## [What to do]
In the entries that follow, the first line to write out is the one containing "The image spans 106.0° horizontally.", and the last is the one containing "8. car [1056,848,1176,906]". Reproduce that stretch exactly, with nothing before or after it.

## [Study material]
_ _ _ _ _ _ _

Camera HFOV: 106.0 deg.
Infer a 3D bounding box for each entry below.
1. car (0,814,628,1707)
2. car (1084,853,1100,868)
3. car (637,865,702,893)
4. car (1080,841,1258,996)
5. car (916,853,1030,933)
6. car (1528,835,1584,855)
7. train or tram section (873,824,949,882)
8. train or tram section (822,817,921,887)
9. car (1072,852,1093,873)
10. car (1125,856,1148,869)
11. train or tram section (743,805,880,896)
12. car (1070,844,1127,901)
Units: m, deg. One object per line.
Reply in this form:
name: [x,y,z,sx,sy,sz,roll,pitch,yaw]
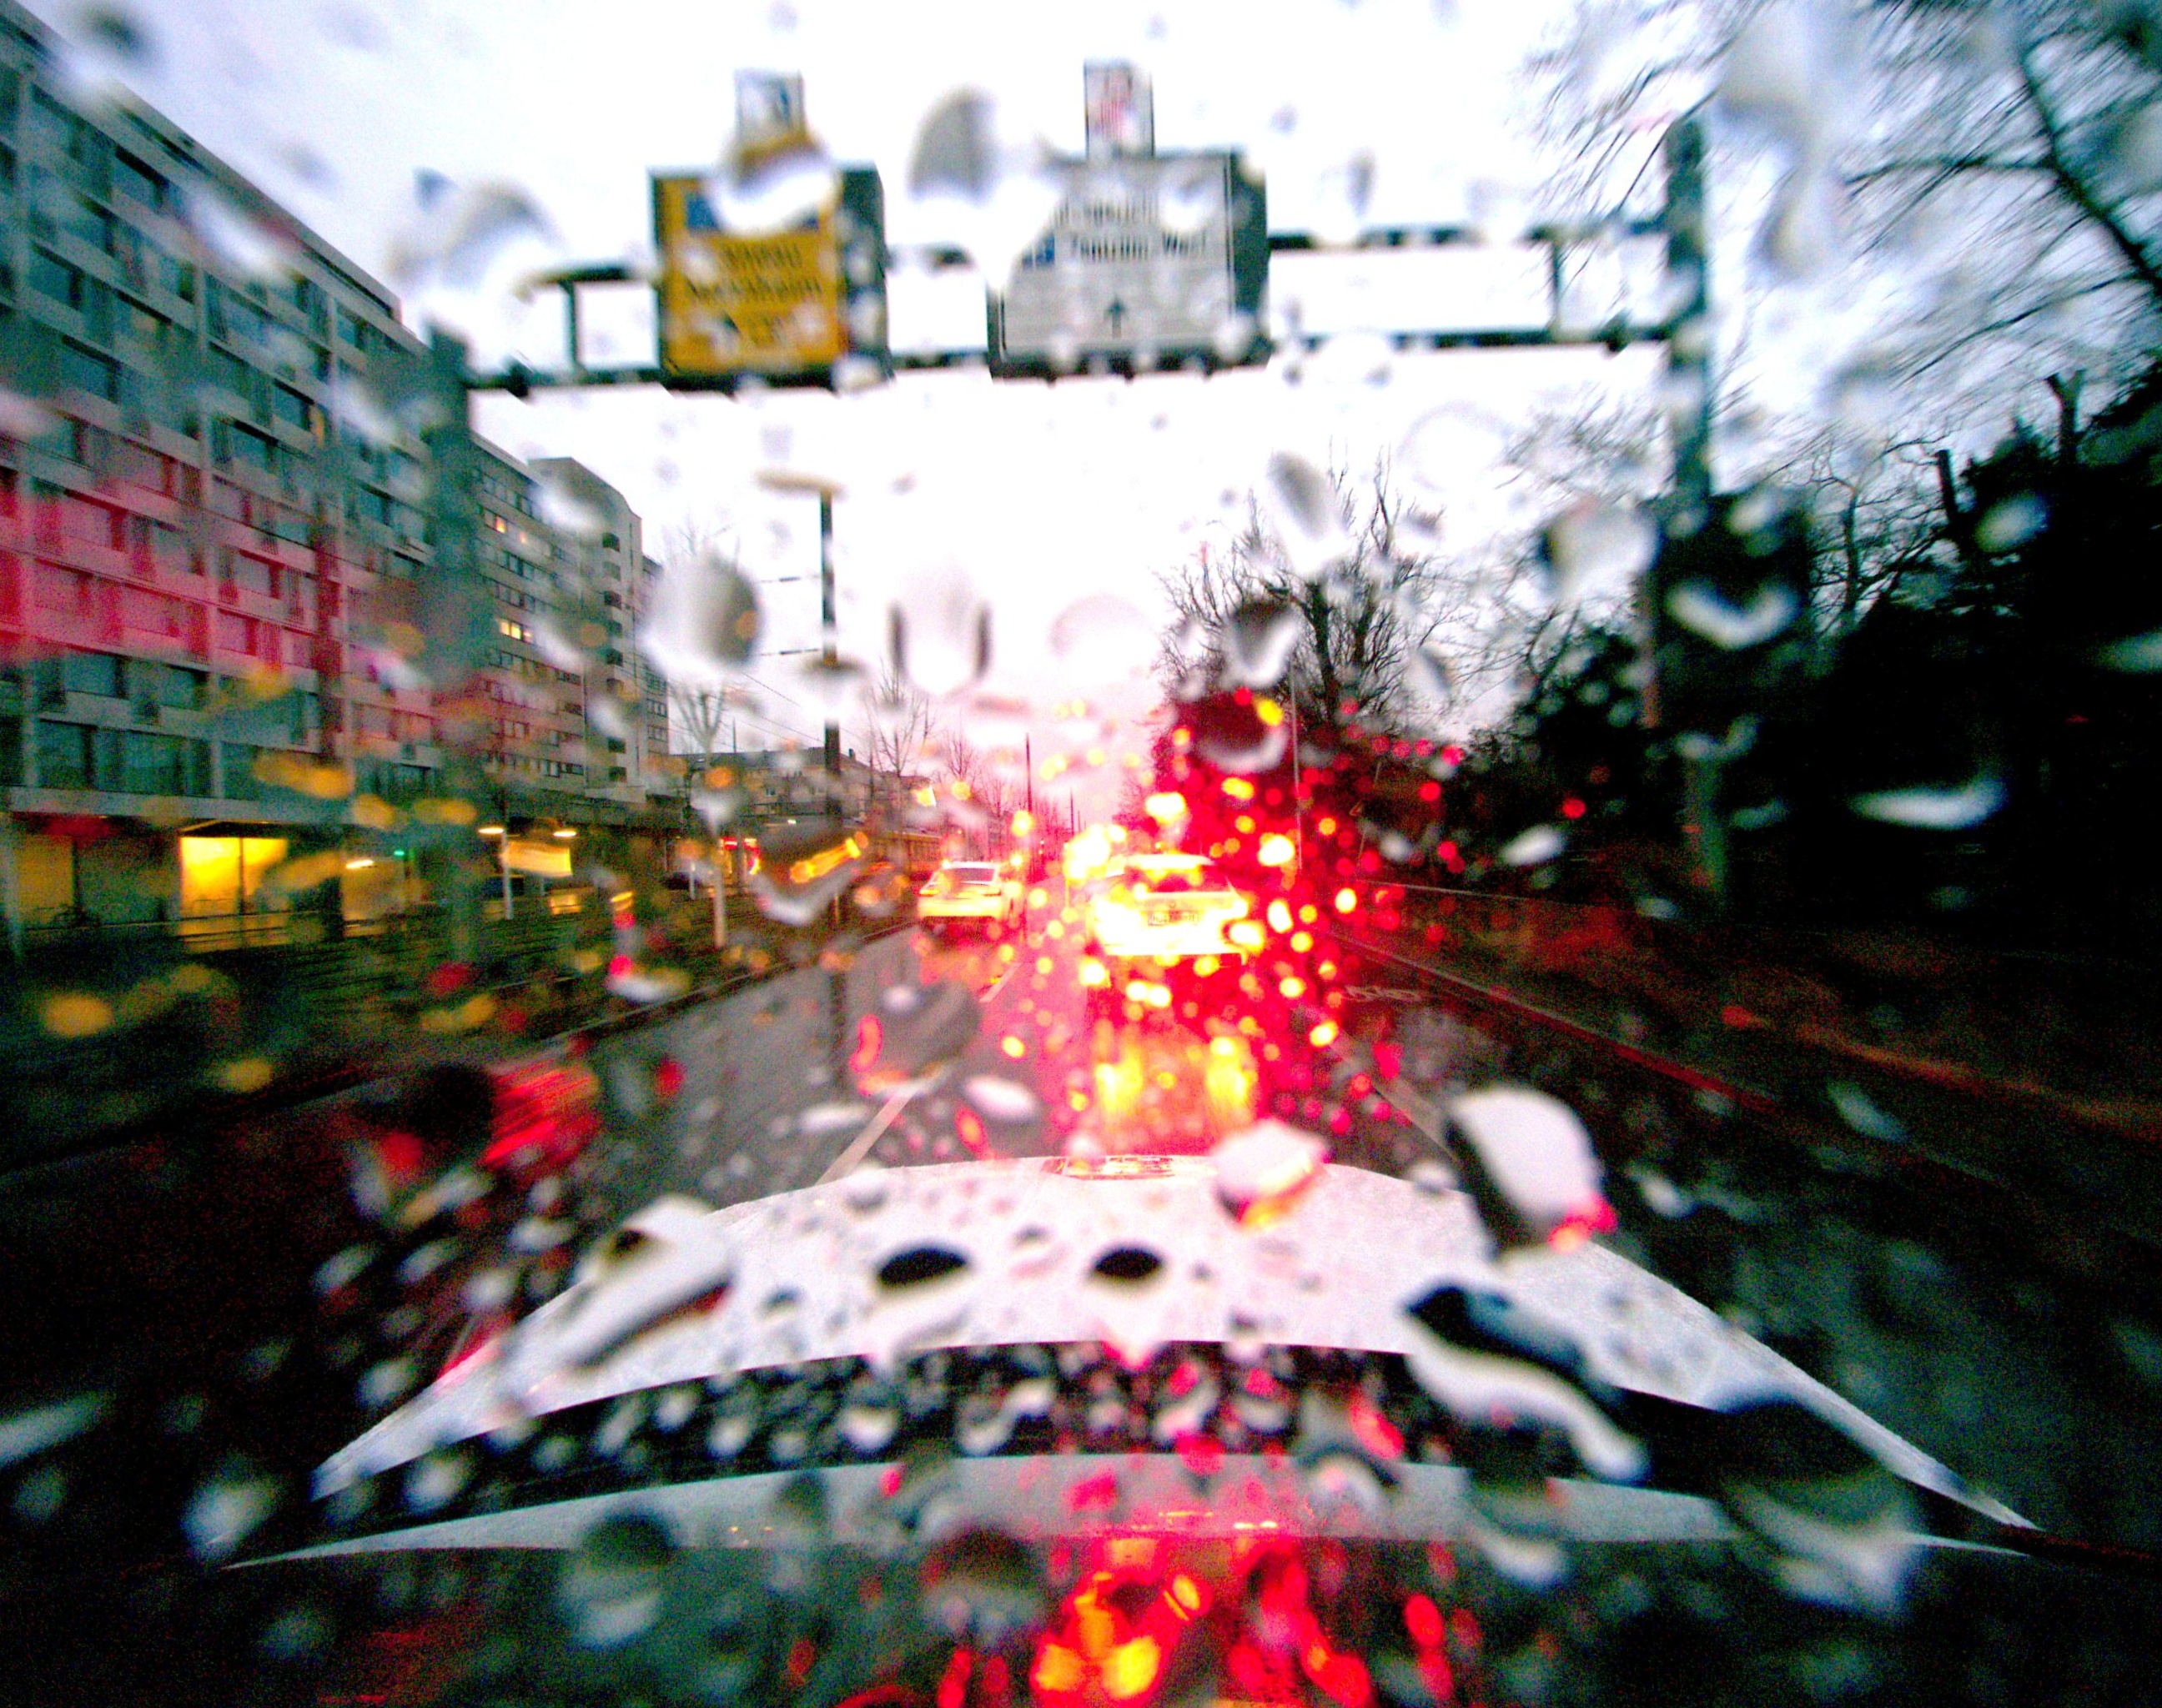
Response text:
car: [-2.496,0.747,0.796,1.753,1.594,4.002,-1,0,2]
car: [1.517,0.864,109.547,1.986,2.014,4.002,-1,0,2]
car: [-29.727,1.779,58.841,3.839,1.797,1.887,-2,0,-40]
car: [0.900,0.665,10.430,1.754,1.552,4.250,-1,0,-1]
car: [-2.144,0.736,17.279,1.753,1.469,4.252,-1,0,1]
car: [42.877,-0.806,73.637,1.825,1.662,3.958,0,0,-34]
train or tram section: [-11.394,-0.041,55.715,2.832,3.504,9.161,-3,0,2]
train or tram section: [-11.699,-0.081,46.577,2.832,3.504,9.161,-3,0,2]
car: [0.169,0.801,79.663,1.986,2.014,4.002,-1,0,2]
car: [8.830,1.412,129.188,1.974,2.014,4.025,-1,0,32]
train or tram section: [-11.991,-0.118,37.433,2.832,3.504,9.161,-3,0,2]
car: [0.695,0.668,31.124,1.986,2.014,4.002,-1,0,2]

_ _ _ _ _ _ _

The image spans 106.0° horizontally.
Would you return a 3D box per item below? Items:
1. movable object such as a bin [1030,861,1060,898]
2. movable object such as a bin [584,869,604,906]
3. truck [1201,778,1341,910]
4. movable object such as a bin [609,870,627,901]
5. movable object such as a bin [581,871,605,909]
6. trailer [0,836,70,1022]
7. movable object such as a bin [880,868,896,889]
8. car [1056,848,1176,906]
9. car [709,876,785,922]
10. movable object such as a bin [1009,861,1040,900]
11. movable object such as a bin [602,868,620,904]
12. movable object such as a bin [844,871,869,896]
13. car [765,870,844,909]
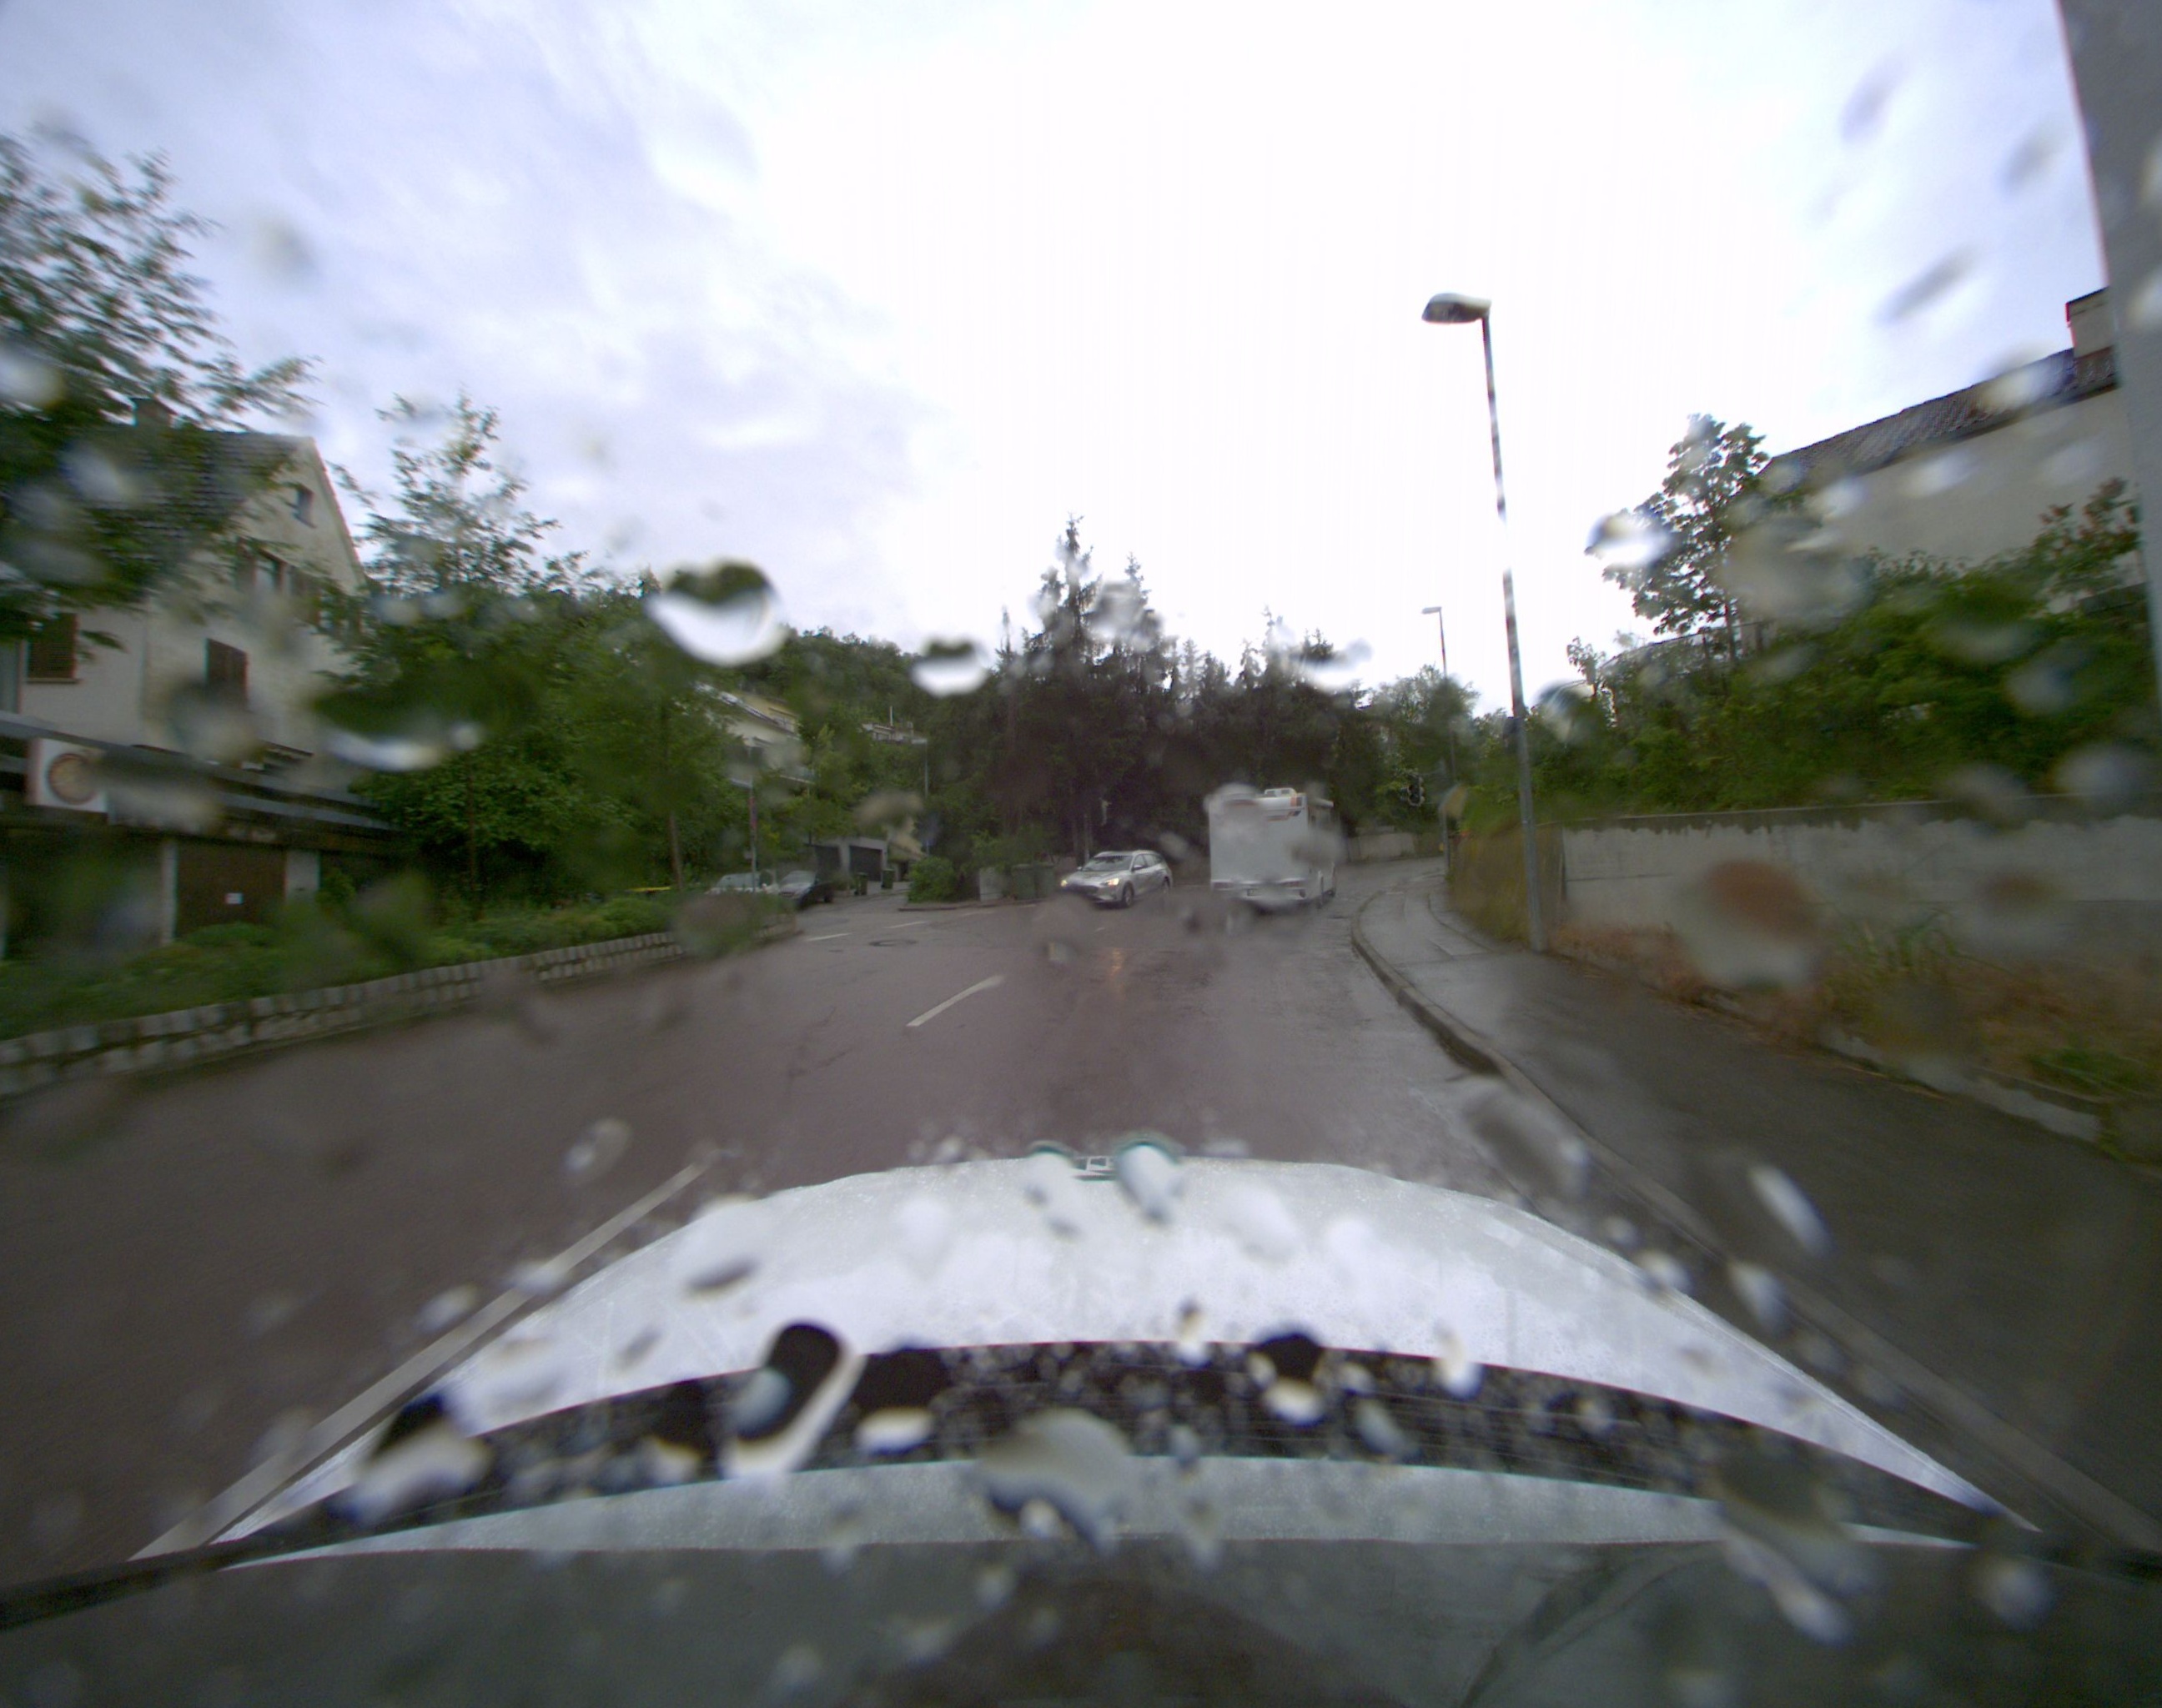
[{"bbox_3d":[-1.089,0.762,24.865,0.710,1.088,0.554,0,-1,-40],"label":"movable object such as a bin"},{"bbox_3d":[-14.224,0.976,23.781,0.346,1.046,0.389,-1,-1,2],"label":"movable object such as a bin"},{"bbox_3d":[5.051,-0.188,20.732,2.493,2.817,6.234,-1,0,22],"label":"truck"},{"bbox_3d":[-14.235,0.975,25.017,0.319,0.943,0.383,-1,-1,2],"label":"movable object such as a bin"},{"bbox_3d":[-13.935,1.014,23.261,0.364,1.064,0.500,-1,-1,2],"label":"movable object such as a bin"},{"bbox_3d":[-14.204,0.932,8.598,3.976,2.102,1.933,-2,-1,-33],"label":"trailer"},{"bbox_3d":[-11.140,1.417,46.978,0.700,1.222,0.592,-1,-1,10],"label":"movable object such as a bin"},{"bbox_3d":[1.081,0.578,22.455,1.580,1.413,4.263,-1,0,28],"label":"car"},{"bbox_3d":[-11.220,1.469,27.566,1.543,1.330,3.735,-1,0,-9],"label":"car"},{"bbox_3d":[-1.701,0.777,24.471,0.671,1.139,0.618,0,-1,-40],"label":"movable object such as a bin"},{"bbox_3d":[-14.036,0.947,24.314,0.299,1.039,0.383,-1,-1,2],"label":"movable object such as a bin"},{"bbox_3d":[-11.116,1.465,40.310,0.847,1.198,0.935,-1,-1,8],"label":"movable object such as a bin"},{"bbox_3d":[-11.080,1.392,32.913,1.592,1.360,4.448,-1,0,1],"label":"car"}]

_ _ _ _ _ _ _

## [Answer section]
The image spans 106.0° horizontally.
Would you return a 3D box per item below? Items:
1. movable object such as a bin [1030,861,1060,898]
2. movable object such as a bin [584,869,604,906]
3. truck [1201,778,1341,910]
4. movable object such as a bin [609,870,627,901]
5. movable object such as a bin [581,871,605,909]
6. trailer [0,836,70,1022]
7. movable object such as a bin [880,868,896,889]
8. car [1056,848,1176,906]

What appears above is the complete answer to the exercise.